GOAL OF THE EXERCISE: Make an exact copy of the records that follow, with each picture omitted.

PROVIDED RECORDS:

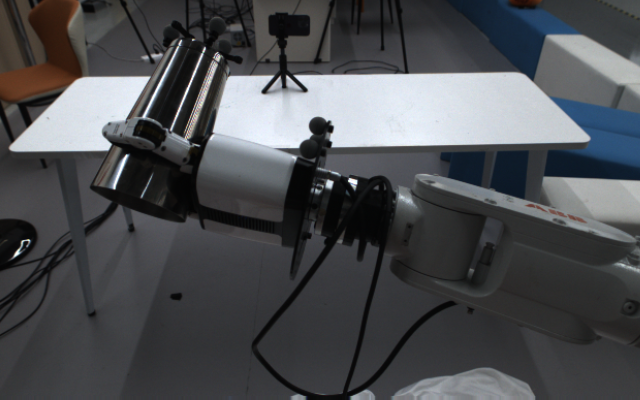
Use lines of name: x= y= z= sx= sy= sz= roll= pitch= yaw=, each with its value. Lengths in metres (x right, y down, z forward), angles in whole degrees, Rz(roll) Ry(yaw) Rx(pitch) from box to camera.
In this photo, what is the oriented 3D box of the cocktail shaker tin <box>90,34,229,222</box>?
cocktail shaker tin: x=-0.150 y=-0.071 z=0.487 sx=0.093 sy=0.093 sz=0.170 roll=12 pitch=73 yaw=15
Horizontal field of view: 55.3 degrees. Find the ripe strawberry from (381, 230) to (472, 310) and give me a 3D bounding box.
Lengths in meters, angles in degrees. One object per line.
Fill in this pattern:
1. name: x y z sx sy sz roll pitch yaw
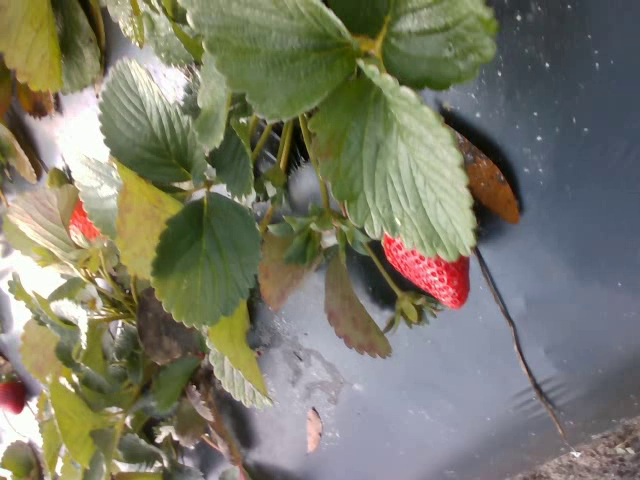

ANSWER TO THE PROBLEM:
Use lines of name: x= y= z= sx= sy= sz= roll= pitch= yaw=, each with its value. Lengths in metres (x right, y down, z forward), angles in whole degrees, Rz(roll) Ry(yaw) Rx(pitch) from box to camera.
In this photo, what is the oriented 3D box of the cocktail shaker tin <box>90,34,229,222</box>?
cocktail shaker tin: x=-0.150 y=-0.071 z=0.487 sx=0.093 sy=0.093 sz=0.170 roll=12 pitch=73 yaw=15
Horizontal field of view: 55.3 degrees. Find the ripe strawberry from (381, 230) to (472, 310) and give me a 3D bounding box.
Lengths in meters, angles in degrees. One object per line.
Fill in this pattern:
1. name: x y z sx sy sz roll pitch yaw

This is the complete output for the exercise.